When things get rough, I turn to science fiction. These are books that I have schlepped with me since I was in college (probably before you were born, given that I am a generation older than the median age of women in the US, and accounting for censoring of the population curve based on who reads this blog).
One of my favorite authors Samuel Delany, who has written incredible stuff. It is hard core scifi, but yet deals with gender identity, societal problems around gender issues, as well as believable science, for the time at which it was written.
I was rereading one of my favorites: Empire Star, a short novel about Comet Jo who lived a simplex life on a moon in the distant future. In this book Delany gives us the idea of simplex, complex and multiplex which are levels of perception of the universe and have nothing to do with intelligence. Part way through his journey to deliver a message, the contents of which he does not know, to a place he is unsure of, Jo runs into some powerful simplex types, and decides he wants to go home to his earlier life.

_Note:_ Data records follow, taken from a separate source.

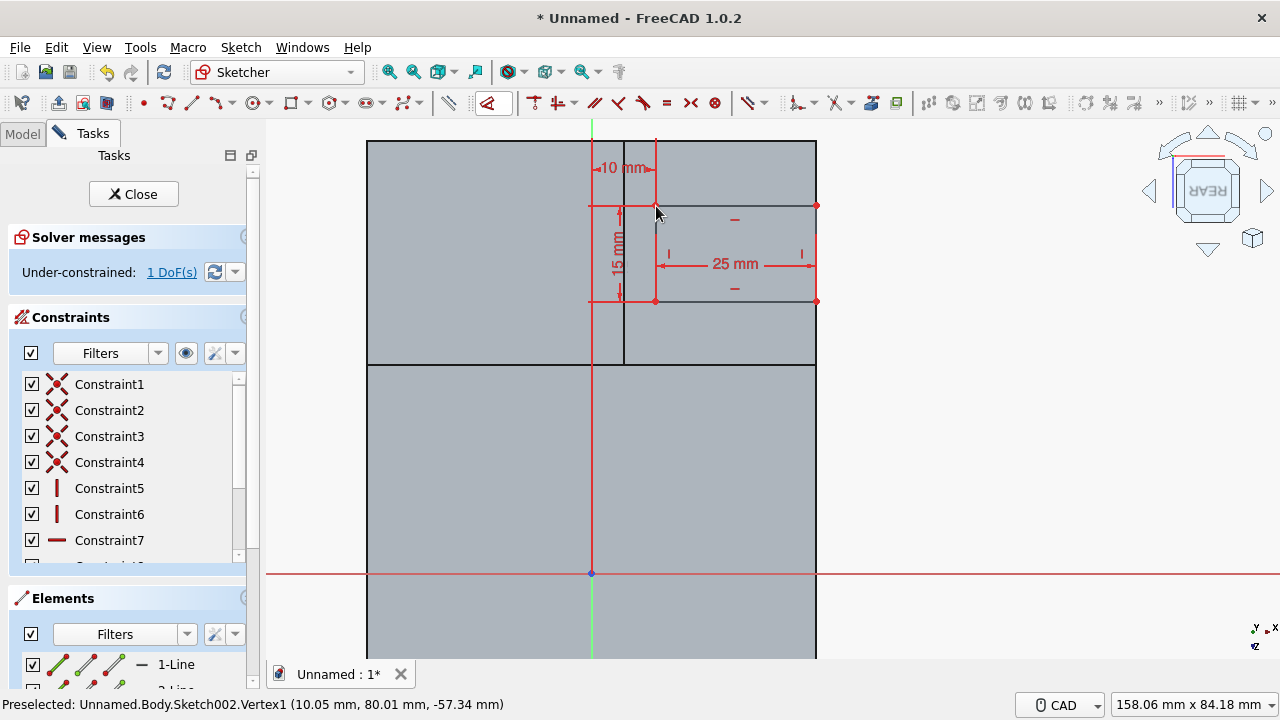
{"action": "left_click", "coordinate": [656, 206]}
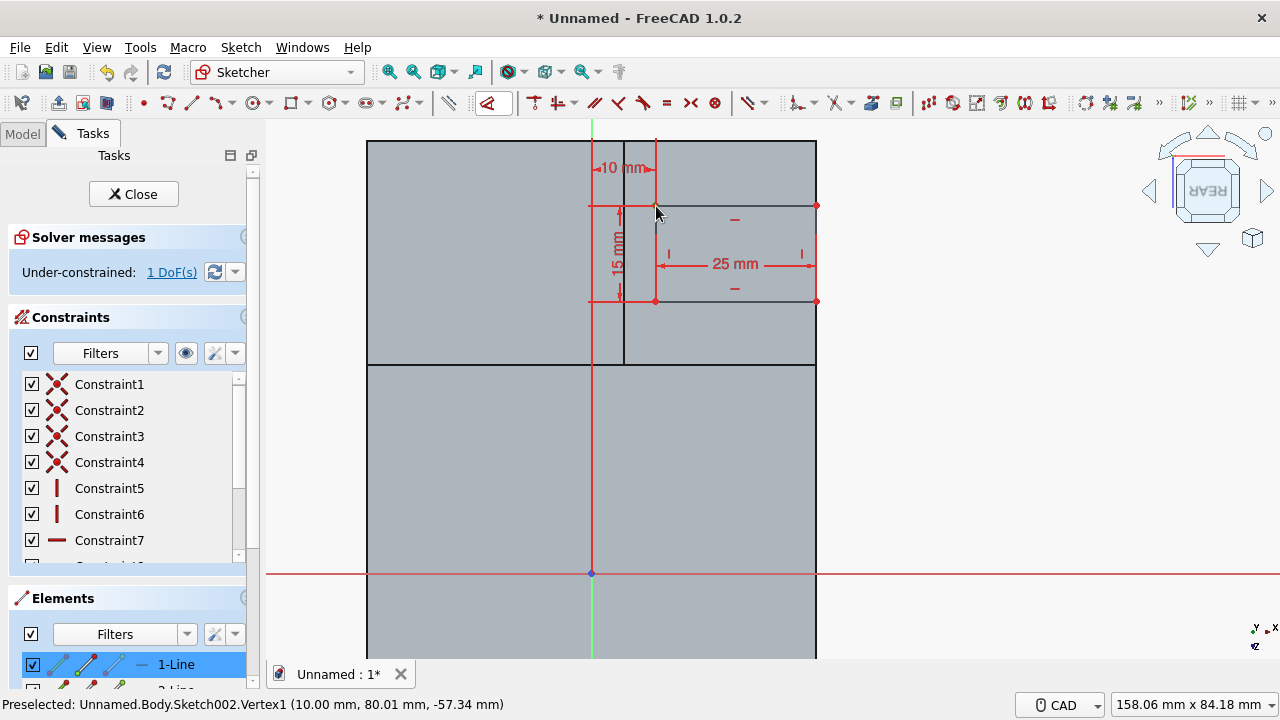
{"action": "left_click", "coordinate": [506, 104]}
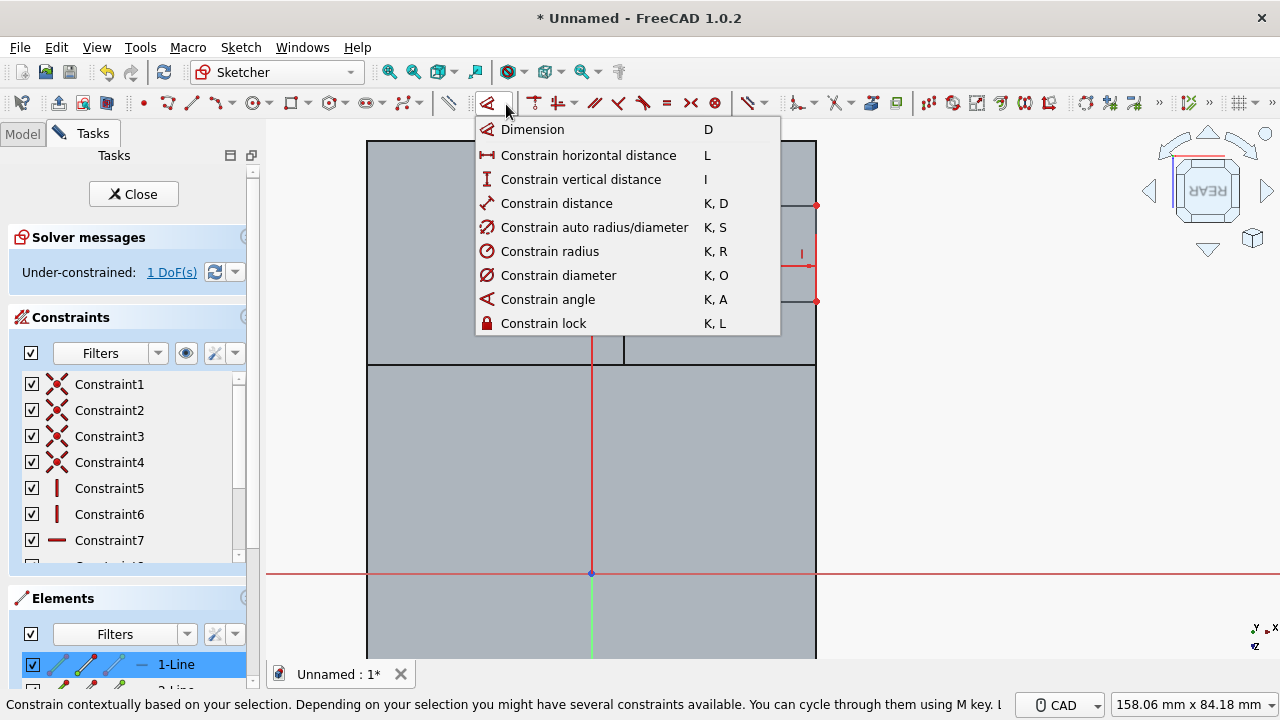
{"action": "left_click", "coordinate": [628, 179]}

The dialog he has with LUMP (Linguistic Ubiquitous Multi-plex, a computer, one of the best characters in the novel) is one I have had with students, postdocs and junior faculty:
“Lump, sometimes, even if you’re simplex, you ask yourself, who am I? … But I’m still a very ordinary kid who would like to get back to a jhup field and fight off some wild kepards. That’s who I am. That’s what I know”.
“You left your home, Jo, because you weren’t happy. Remember why?”
“Sure I remember. Because I thought I was different, and then the message came along and I thought that was proof I was special… Don’t you see, Lump, if I really knew I was something special — I mean if I was sure then I wouldn’t get upset by things like the Survey Station. But most of the time I just feel lost and unhappy and ordinary”.
“You’re you, Jo. You’re you and everything that went into you… And that’s as important as you want to make it.”